After You Left(41)
‘You could have left it at the bit about So yes, I believe I am in love with you. I’d have been fine with that.’ I try to sound light again. He is right: I do try to find blemishes. Maybe because the quiet voice inside me would think that if my own father didn’t think I was worth sticking around for, then why would any man? But I hate that strain in myself. I hate anyone even knowing it exists.
He draws my face in, until it’s barely an inch from his own. ‘Let me repeat. I want you to know it in no uncertain terms. I am in love with you, Alice.’ He kisses me, slow and long. ‘Are you happy now?’
I’m tired of this conversation. ‘Happy enough.’
FIFTEEN
Evelyn
Holy Island. 1983
‘I’m leaving Laura.’
They were standing in Evelyn’s kitchen. It was almost the end of their week. A week of him working with her on the house as he sang along to the radio, and her smiling inwardly, listening to him; of Evelyn cooking for him, them eating in the garden, and kissing under the plum tree. Of their jaunts to various little villages along the coast, where they would wander in and out of tea rooms, or buy fish and chips in cartons that they would then sit and eat at the end of the pier, feeding the odd seagull with the scraps of batter – careful not to look too cosy in case they were seen and aroused suspicion. But the last few days had been heavily weighted with the threat of it all ending. It had muted all joy and all conversation. Now she could barely meet his eyes without the tears springing.
Evelyn was wearing one of her mother’s dressing gowns. They had made love. He had dressed again in his gardening clothes. He had clung to her like he knew he was going to lose her, and even though she was busying herself by making tea, she was still aware of the bleak absence of his body. The ghostly pencil-line around where his love had just been.
‘Eddy, you can’t possibly leave Laura! This is insane!’ She quickly abandoned the idea of making tea.
He searched her face, slightly stunned by her reaction, but she refused to look at him. ‘Evelyn, I can’t speak for you, or for how you feel, but I, for one, am not going back to the way things were. I’d rather be alone for the rest of my life than plod on with her after this.’
A flurry of panic went through her. At the idea of going back to Mark she felt only the blankness of impossibility. But, strangely, that didn’t mean she wanted to feel this way. She recognised they had crossed a bridge to somewhere that neither of them was truly prepared to find themselves.
‘You can’t do it on my account. I won’t let you break up your family for me!’
‘But I love you. I’ve never felt like this over anyone. Only you, Evelyn.’
She floundered, thinking, No! I have to downplay this! We can’t do anything rash! ‘Eddy, you practically married your first sweetheart! You don’t know if you could feel this way over someone else. You haven’t had enough women.’
‘You were my first sweetheart. Or, you should have been.’
‘We don’t know that we’d have worked.’
He looked at her in disbelief and frustration. ‘Why are you saying this?’ She had hurt him. ‘Do you honestly believe – after the time we have just spent together; after everything we have continued to mean to one another – that we wouldn’t work, Evelyn? Do you?’ He was searching her face, but she refused to meet his eyes.

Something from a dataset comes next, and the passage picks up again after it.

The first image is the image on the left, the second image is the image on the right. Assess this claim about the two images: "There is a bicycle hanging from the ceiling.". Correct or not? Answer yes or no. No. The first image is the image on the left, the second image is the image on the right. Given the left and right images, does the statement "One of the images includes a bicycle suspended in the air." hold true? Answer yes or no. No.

When she wouldn’t answer, he said, ‘You can believe what you want, but I’m certain there’s a reason we had to meet again after all these years. And these last few days have proven this to be right. Tell me you don’t believe that this was fate?’

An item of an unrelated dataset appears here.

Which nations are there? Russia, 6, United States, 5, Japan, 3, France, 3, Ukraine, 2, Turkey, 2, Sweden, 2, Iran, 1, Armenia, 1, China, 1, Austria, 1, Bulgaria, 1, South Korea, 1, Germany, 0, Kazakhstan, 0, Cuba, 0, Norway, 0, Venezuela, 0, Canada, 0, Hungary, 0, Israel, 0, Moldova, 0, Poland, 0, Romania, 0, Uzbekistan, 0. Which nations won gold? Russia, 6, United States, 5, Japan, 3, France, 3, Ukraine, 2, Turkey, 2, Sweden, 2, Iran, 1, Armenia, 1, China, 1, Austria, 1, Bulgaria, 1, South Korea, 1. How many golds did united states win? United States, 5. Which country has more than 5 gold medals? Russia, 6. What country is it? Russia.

‘Even if all that’s true, Eddy, you have a family. A child. You belong to someone else. As do I.’
‘But we can change that! We have a chance! Evelyn, I want to do all the things with you that I should have been doing with you from the minute we met. I want to shop with you, go to the beach with you, fill up petrol with you, watch telly with you, plan holidays with you . . . I want to be able to be seen with you in public, without looking over my shoulder. I want to walk down the damned street with you, holding your hand. I want this affair word stricken from my mind. It’s beneath us. I don’t want to be ashamed. I only want to be proud of everything that exists between us.’ He was right in referencing how covert they’d felt they needed to be. How many times, when they were doing errands around town, had she wanted to stop and spontaneously kiss him? But she’d had to check herself. Despite them trying on the idea of being an item, it had been so depressingly tempered by the fact that they were both married to someone else. And, if anything, he had hated that more than her, and she hadn’t known that would be possible.
He held his head between both of his hands – this gesture of despair or silent panic she had seen before. After a moment, he looked up again. ‘I want you to be my wife. I want to see the outline of your body there in bed. And I want to see that outline of you change over the years, Evelyn. I want to be with you when I’m old and know that maybe it didn’t work out quite the way it should have, but at least I got forty good years with you – if I’m lucky enough to get that.’ He paused, his eyes buzzing around her face. ‘I want a life with you, and there’s no reason why we shouldn’t have that in this day and age. We’re not living in our parents’ era.’